Excerpted records →
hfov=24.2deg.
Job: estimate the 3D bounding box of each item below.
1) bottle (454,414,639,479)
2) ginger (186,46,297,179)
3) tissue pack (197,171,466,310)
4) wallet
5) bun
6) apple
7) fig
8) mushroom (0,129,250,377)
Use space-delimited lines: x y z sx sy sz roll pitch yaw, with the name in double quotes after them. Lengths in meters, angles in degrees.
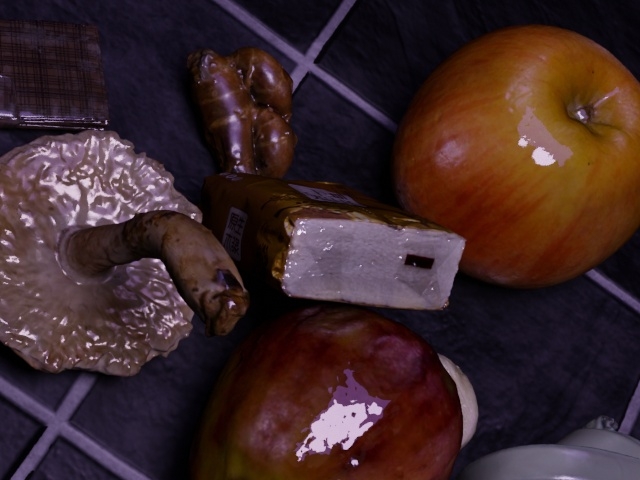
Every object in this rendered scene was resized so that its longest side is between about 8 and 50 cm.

Work task → Retype the entries above word for word, minus any images.

Result for this task →
hfov=24.2deg.
Job: estimate the 3D bounding box of each item below.
1) bottle (454,414,639,479)
2) ginger (186,46,297,179)
3) tissue pack (197,171,466,310)
4) wallet
5) bun
6) apple
7) fig
8) mushroom (0,129,250,377)
Use space-delimited lines: x y z sx sy sz roll pitch yaw, with the name in double quotes after them. Lengths in meters, angles in degrees.
Every object in this rendered scene was resized so that its longest side is between about 8 and 50 cm.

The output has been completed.